I have a Tucumseh OHH55-69101 on a go-kart.
When you pull it it occasionally jerks back with tremendous force.
The engine runs good after it starts but it is like russian roulette getting it started.
Any thoughts


----------



## Jeff194307 (Dec 28, 2004)

Sounds like a partly sheared flywheel key. I have experienced this before.


----------



## bugman (Aug 12, 2004)

yeah it might be the key. of course thats cheap and easy to try out first.


----------



## Scott15 (Nov 11, 2004)

That's dangerous. get it inspected


----------



## bugman (Aug 12, 2004)

$$$$ scott money. do it yourselfer's save hundreds more then people who take em to get fixed. easier to fix em yourself. they are not that hard to.


----------



## bbnissan (Nov 7, 2004)

I agree that it sounds like a sheared flywheel key. When you try to start the motor it is firing at the wrong time and causing the kick back. I also agree with Bugman that you should fix it yourself. It's just a $1 part and it will take all of about 15 minutes to replace.


----------



## bugman (Aug 12, 2004)

yep around a dollar a key. pop the flywheel off and replace it.


----------



## Scott15 (Nov 11, 2004)

Yes ineed. They charge a lot to get little things fixed. People with hondas probably pay a lot more than people with briggs. LOL


----------



## roperdude91 (Nov 10, 2004)

poeple with hondas pay $127.04 for a fugn carb rebuilt, and sparkplug


----------



## Scott15 (Nov 11, 2004)

Wow! that's crazy!


----------



## roperdude91 (Nov 10, 2004)

i know


----------



## roperdude91 (Nov 10, 2004)

i know


----------



## bugman (Aug 12, 2004)

yep briggs is simple fast and cheap(works better too) anybody with a little brains and some tinkering can do em. these eco friendly's are a real pain.


----------



## Scott15 (Nov 11, 2004)

Yes ineed! They are.


----------



## roperdude91 (Nov 10, 2004)

scott, check email


----------



## Scott15 (Nov 11, 2004)

i did.


----------



## koolminx (Mar 23, 2006)

*I have a violent Kickbac issue also...*

It is NOT the key. I removen adn replaced the flywheel and the key was perfect and intack and there was NO slop in the setting. It's a briggs 3.5 or techumseh... identical to me at the moment... I even adjusted the spark gap and have been thinking about ovaling my coil mount holes in order to retard the timing a tiny bid. What other issues can this be? PLease post or e-mail.
Thanks! koolminx


----------



## scrench (Dec 8, 2004)

if its on a mower check the blade make sure its tight


----------



## koolminx (Mar 23, 2006)

It was BOTH on and off the mower when this was hapening>>> Neither mattered.


----------



## bugman (Aug 12, 2004)

This is a side valve right? does it have a float type carb?


----------



## truenorth777 (Mar 28, 2006)

I'm having the exact same problem with mine.
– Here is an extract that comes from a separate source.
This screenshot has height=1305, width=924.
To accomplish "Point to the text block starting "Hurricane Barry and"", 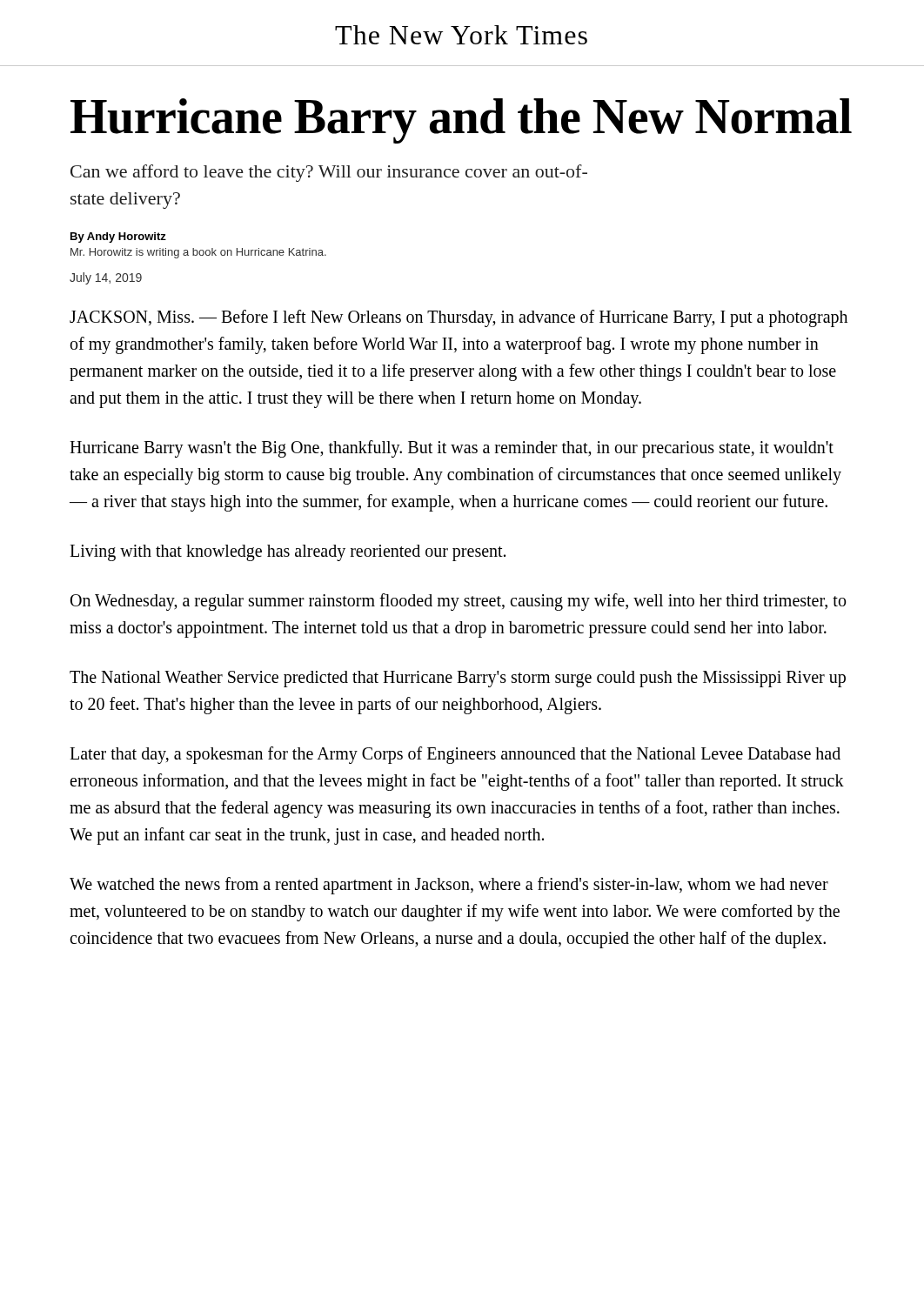I will coord(462,117).

Looked at the flywheel key and is not sheared but it is kicking back without a blade on it.

The one I have is a diaphram side carb.

So I'll be watching for other replies to try to figure out the problem I'm having too.


----------



## bugman (Aug 12, 2004)

Same question as above, what style carb and what brand engine/hp and is it a over head valve or side valve.


----------